◆ **Exercise goal**
Print the entries exactly as they appear, and omit any images.

◆ **Data**
========

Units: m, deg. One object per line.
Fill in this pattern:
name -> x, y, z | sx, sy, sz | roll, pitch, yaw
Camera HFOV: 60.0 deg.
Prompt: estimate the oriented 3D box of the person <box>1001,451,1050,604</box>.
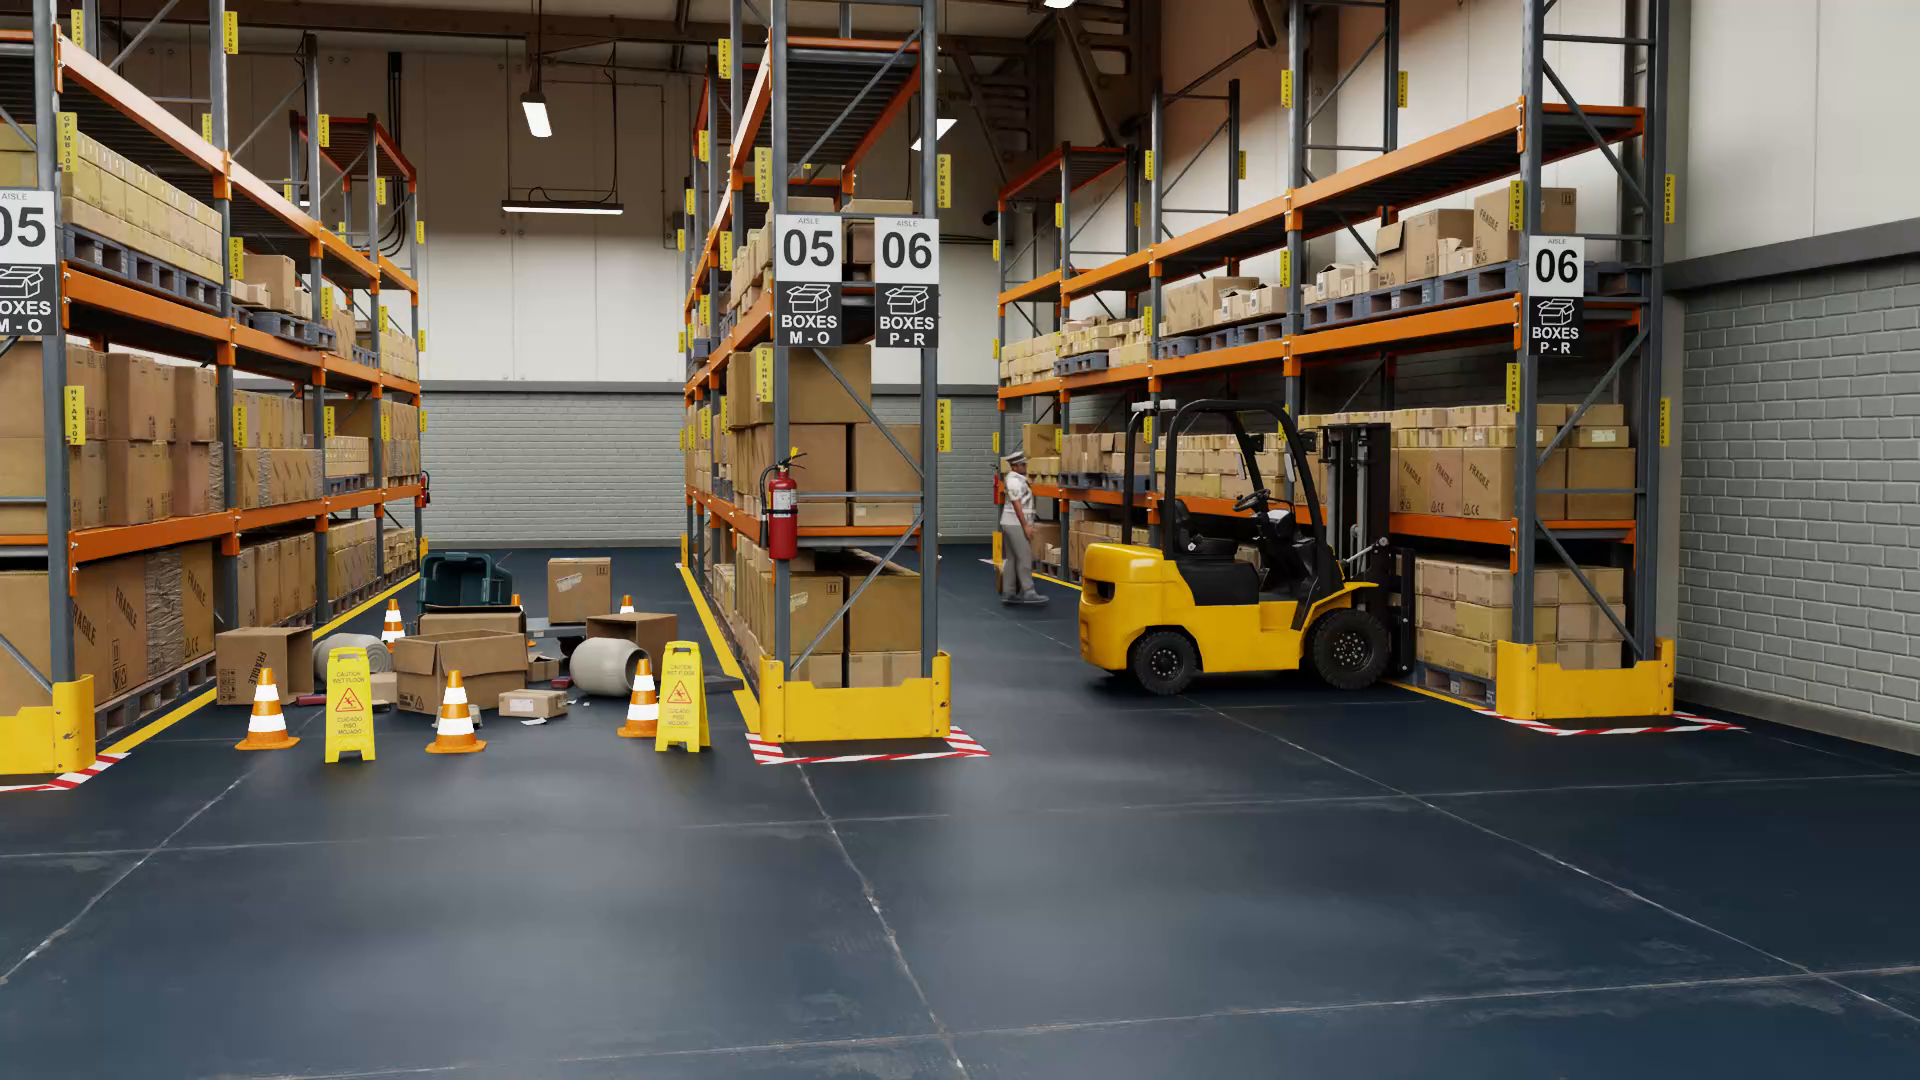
person -> 0.751, -0.143, 19.229 | 0.559, 1.770, 0.580 | 0, 3, -3

========

◆ **Problem solution**
Units: m, deg. One object per line.
Fill in this pattern:
name -> x, y, z | sx, sy, sz | roll, pitch, yaw
Camera HFOV: 60.0 deg.
Prompt: estimate the oriented 3D box of the person <box>1001,451,1050,604</box>.
person -> 0.751, -0.143, 19.229 | 0.559, 1.770, 0.580 | 0, 3, -3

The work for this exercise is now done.